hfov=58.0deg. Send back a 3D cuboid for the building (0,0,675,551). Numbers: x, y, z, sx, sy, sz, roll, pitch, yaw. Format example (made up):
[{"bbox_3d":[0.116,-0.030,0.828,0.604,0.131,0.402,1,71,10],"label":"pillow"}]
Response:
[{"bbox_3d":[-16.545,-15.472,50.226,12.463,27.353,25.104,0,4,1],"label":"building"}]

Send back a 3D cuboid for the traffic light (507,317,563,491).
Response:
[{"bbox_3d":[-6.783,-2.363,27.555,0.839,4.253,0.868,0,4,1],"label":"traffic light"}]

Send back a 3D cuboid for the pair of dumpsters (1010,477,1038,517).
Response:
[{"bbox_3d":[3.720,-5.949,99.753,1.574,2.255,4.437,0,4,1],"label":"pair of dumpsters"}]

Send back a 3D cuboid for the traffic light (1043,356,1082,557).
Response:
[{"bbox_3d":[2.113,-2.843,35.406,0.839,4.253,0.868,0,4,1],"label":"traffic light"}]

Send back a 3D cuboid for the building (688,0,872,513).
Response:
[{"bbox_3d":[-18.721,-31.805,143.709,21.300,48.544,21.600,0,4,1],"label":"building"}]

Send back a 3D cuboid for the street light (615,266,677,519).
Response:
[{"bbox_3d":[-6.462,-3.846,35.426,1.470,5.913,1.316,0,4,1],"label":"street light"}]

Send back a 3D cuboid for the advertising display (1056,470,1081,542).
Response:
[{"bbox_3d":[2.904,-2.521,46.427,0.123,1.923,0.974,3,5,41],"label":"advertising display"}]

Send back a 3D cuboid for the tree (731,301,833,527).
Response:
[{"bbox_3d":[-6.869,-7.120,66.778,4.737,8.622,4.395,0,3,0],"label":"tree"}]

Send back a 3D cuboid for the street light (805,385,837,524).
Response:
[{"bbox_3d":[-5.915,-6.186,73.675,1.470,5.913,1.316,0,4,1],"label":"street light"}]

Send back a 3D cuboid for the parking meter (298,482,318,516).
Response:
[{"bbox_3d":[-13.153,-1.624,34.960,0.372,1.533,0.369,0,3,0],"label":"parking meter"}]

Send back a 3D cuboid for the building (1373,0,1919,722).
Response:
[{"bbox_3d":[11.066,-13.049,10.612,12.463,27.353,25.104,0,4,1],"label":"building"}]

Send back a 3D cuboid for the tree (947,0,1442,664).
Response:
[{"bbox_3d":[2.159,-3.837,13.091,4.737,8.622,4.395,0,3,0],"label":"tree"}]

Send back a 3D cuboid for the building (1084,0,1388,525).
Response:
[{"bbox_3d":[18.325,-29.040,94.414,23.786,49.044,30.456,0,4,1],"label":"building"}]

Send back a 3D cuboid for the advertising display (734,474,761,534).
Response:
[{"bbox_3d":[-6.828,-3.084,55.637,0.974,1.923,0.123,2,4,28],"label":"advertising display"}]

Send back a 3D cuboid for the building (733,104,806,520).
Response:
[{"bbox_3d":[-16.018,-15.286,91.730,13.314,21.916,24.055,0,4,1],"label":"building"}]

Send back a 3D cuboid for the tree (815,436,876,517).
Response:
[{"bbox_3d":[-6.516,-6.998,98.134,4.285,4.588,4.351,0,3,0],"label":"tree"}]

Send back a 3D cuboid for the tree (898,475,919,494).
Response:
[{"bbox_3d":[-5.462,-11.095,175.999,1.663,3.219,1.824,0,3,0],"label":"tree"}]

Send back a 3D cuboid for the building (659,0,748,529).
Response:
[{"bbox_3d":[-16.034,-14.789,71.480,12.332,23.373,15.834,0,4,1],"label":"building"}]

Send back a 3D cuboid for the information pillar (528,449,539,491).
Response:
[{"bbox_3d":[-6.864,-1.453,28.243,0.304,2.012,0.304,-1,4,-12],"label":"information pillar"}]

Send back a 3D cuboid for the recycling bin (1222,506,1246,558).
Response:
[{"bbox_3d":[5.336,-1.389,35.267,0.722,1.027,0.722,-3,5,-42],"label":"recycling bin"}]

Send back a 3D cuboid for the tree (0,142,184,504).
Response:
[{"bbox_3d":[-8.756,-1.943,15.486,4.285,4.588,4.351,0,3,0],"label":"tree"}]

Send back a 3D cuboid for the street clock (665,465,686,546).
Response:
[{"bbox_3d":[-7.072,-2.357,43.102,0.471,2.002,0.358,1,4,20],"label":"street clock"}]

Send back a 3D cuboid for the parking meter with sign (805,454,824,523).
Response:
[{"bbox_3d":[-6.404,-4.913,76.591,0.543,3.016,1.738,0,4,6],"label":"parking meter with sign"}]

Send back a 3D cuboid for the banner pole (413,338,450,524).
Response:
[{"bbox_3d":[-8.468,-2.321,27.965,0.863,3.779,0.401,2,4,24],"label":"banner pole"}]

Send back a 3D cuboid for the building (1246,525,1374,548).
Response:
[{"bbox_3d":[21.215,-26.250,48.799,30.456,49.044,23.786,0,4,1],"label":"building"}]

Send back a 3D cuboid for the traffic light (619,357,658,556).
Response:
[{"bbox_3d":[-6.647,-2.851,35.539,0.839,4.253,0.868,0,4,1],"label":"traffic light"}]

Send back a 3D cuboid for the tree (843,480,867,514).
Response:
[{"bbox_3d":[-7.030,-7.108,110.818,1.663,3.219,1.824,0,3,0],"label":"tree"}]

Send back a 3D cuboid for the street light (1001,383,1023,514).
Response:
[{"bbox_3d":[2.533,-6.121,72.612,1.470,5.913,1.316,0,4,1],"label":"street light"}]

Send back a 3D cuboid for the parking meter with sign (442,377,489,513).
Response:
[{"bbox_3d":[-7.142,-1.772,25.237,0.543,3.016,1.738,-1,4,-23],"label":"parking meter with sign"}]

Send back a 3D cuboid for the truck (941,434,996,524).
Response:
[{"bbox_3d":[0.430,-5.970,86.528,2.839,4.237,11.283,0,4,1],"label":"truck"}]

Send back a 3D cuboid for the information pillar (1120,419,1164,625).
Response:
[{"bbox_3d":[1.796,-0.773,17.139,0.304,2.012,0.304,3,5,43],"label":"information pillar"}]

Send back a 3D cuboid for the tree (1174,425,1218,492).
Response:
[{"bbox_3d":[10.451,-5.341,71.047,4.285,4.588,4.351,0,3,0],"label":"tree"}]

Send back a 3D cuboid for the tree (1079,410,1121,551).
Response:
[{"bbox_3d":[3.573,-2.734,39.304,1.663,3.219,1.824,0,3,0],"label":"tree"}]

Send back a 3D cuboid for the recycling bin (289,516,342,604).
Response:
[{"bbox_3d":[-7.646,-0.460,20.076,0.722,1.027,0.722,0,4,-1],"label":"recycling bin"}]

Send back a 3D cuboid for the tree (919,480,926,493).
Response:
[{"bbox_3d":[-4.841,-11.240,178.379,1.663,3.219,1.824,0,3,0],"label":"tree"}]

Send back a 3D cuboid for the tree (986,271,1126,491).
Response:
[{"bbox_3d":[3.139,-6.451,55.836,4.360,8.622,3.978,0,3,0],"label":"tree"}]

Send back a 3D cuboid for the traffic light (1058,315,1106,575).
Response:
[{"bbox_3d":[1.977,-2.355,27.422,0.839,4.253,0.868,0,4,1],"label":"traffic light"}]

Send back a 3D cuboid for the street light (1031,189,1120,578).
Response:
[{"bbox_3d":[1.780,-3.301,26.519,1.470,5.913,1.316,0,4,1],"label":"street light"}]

- - - - -

EXERCISE => Would you copy out exactly the lines above that start at the one containing "Send back a 3D cuboid for the tree (947,0,1442,664)." and end at the one containing "Send back a 3D cuboid for the tree (815,436,876,517).", inclusive?

ANSWER TO THE PROBLEM =>
Send back a 3D cuboid for the tree (947,0,1442,664).
Response:
[{"bbox_3d":[2.159,-3.837,13.091,4.737,8.622,4.395,0,3,0],"label":"tree"}]

Send back a 3D cuboid for the building (1084,0,1388,525).
Response:
[{"bbox_3d":[18.325,-29.040,94.414,23.786,49.044,30.456,0,4,1],"label":"building"}]

Send back a 3D cuboid for the advertising display (734,474,761,534).
Response:
[{"bbox_3d":[-6.828,-3.084,55.637,0.974,1.923,0.123,2,4,28],"label":"advertising display"}]

Send back a 3D cuboid for the building (733,104,806,520).
Response:
[{"bbox_3d":[-16.018,-15.286,91.730,13.314,21.916,24.055,0,4,1],"label":"building"}]

Send back a 3D cuboid for the tree (815,436,876,517).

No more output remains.